A FBF convidou clubes de todo o Brasil, mas em decorrência das dificuldades financeiras e de deslocamento, apenas alguns times aceitaram participar do torneio que visava consagrar um campeão nacional no Brasil. Os clubes que participaram do Campeonato foram o Atlético-MG, Campeão Mineiro, Fluminense-RJ, Campeão Carioca, Associação Portuguesa de Desportos, Campeão Paulista, Rio Branco-ES, Campeão do Espirito Santo, Alliança-RJ, Campeão Fluminense (lembrando que o Fluminense foi o Campeão do Distrito Federal) e a equipe da Liga de Sports da Marinha. Os campeões de Minas, Distrito Federal e São Paulo já estavam assegurados na fase final do Campeonato. Os times da Liga de Sports da Marinha e o Alliança fizeram um jogo eliminatório na cidade de Campos – RJ, sendo o primeiro o vencedor do jogo. Depois, disputou mais uma eliminatória contra o Rio Branco. Este último venceu a partida e teve o direito de se juntar aos outros três campeões na fase final do III Campeonato Brasileiro da F.B.F.(o primeiro disputado por Clubes, já que os outros dois foram jogados por Seleções Estaduais).

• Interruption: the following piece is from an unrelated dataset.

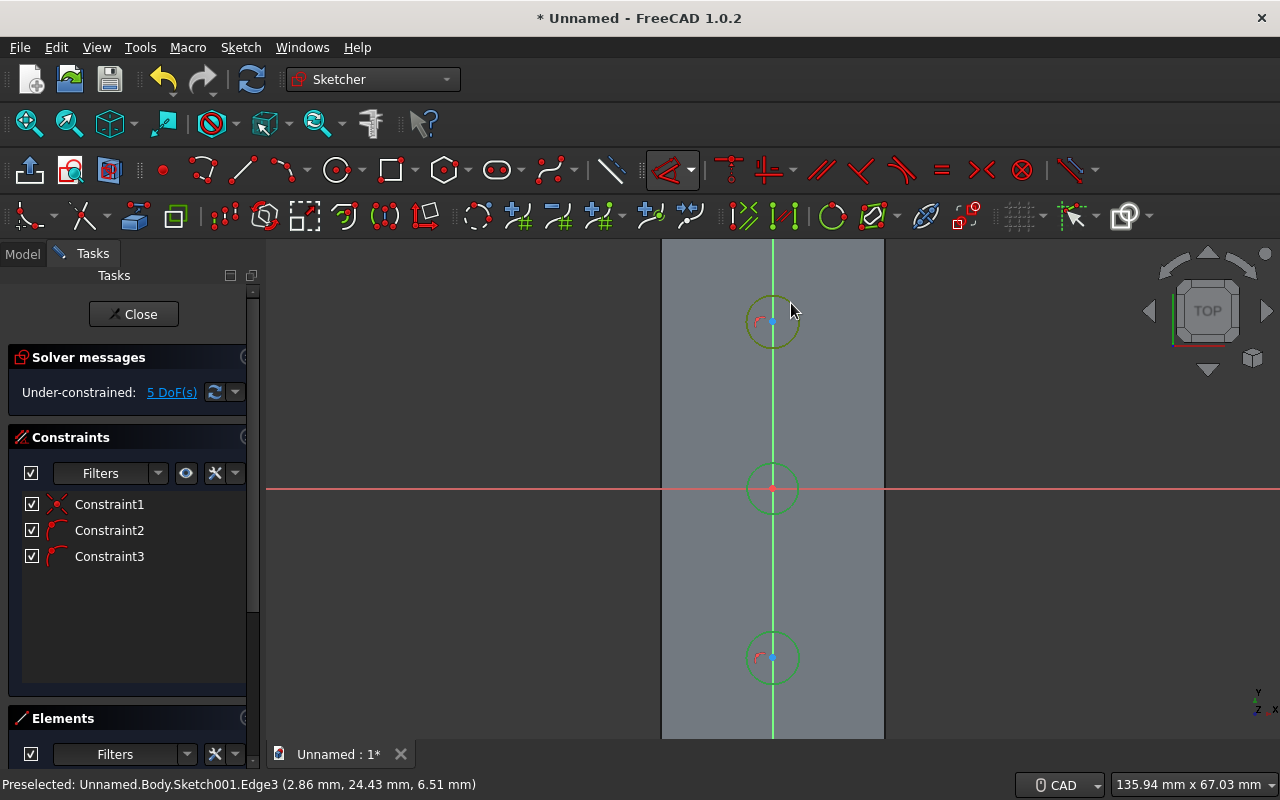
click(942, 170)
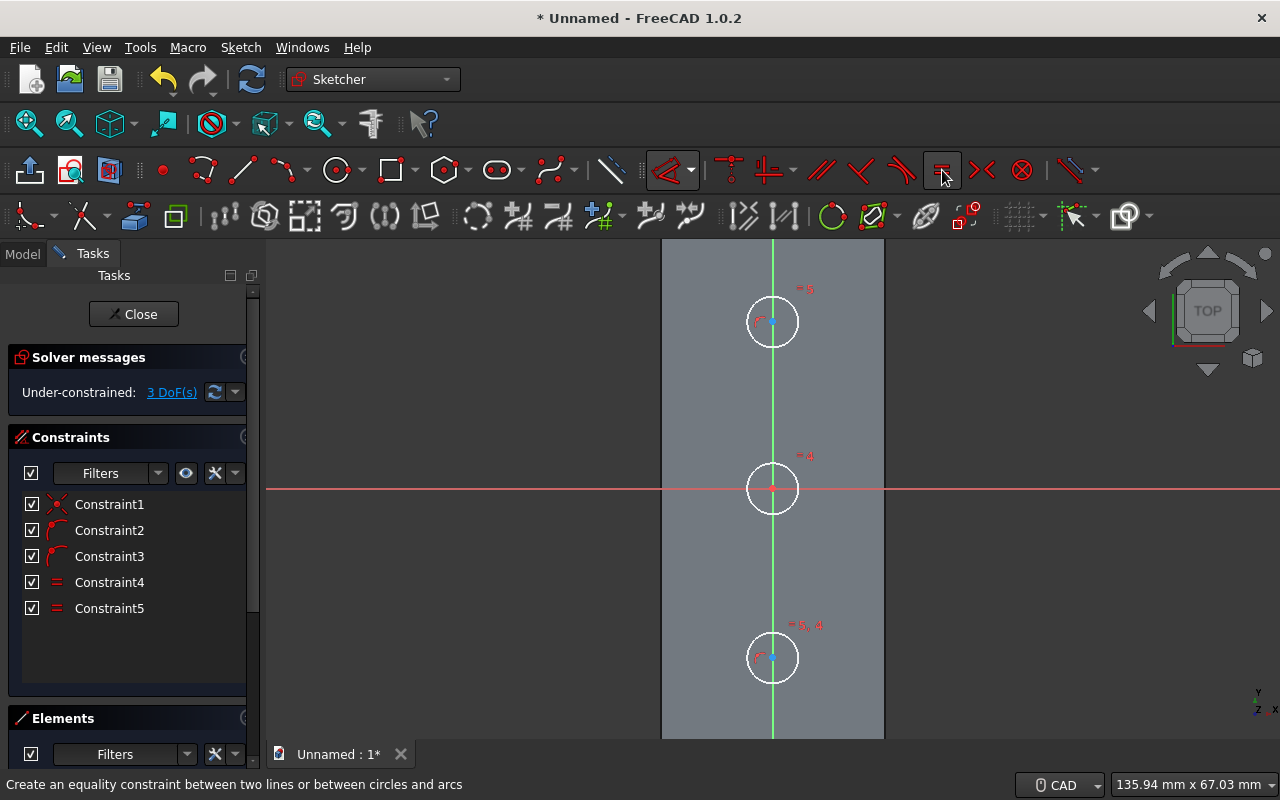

Vou pesquisar mais e prometo um post no Caneladas Históricas. Valeu pela dica !
[Reply]
May 23rd, 2011 at 8:28 am
Pois é, está no hino do clube: “Nós somos os campeões dos campeões”. Concordo que faltam registros, principalmente de imagem, mas pelo que sempre li era uma competição de relevância considerada.
[Reply]
March 22nd, 2012 at 3:56 pm
Por favor, qual o elenco completo do Bahia em 1959 ? Obrigado e fico no aguardo.